**Exercise details:**
Output only the lines below from the one containing "- rabbit figurine (251,33,317,86)" to the one containing "- toy dinosaur (290,265,360,460)", exactly as written, both ends kept.
-------- Records for this exercise
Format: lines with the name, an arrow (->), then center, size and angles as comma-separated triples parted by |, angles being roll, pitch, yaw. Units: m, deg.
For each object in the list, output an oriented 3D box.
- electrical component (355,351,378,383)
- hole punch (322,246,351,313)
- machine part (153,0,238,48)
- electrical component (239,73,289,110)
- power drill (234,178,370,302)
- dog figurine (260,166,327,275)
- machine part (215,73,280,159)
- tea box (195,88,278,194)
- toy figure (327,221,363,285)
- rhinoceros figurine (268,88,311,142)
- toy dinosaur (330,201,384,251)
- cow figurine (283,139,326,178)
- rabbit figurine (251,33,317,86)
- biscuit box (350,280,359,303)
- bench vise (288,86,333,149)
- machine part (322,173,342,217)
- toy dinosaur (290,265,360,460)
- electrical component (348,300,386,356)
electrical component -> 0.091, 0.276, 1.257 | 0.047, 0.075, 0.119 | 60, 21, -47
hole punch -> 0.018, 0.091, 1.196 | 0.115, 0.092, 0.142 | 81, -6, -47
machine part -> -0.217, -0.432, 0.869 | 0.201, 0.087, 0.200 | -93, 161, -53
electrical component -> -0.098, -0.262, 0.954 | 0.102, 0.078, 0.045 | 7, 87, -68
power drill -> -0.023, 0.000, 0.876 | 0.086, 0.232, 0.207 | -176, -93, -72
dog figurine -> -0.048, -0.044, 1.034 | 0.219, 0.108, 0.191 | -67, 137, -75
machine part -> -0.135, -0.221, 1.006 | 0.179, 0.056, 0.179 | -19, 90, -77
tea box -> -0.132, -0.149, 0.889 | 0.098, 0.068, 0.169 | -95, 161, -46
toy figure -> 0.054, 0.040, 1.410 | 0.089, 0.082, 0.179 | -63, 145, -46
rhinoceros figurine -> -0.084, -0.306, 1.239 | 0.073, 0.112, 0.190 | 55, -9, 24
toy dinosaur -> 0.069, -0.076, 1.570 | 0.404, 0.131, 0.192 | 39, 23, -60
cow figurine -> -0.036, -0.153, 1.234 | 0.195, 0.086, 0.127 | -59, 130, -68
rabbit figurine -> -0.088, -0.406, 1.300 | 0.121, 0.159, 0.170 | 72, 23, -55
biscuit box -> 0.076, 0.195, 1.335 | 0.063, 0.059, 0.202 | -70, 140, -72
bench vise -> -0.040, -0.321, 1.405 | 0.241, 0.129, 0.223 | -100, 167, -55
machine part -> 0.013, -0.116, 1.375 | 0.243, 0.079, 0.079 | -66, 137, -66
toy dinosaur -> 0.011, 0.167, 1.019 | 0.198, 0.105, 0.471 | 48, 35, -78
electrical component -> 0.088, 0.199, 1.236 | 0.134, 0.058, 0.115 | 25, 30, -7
----------------
**Result for this exercise:**
- rabbit figurine (251,33,317,86)
- biscuit box (350,280,359,303)
- bench vise (288,86,333,149)
- machine part (322,173,342,217)
- toy dinosaur (290,265,360,460)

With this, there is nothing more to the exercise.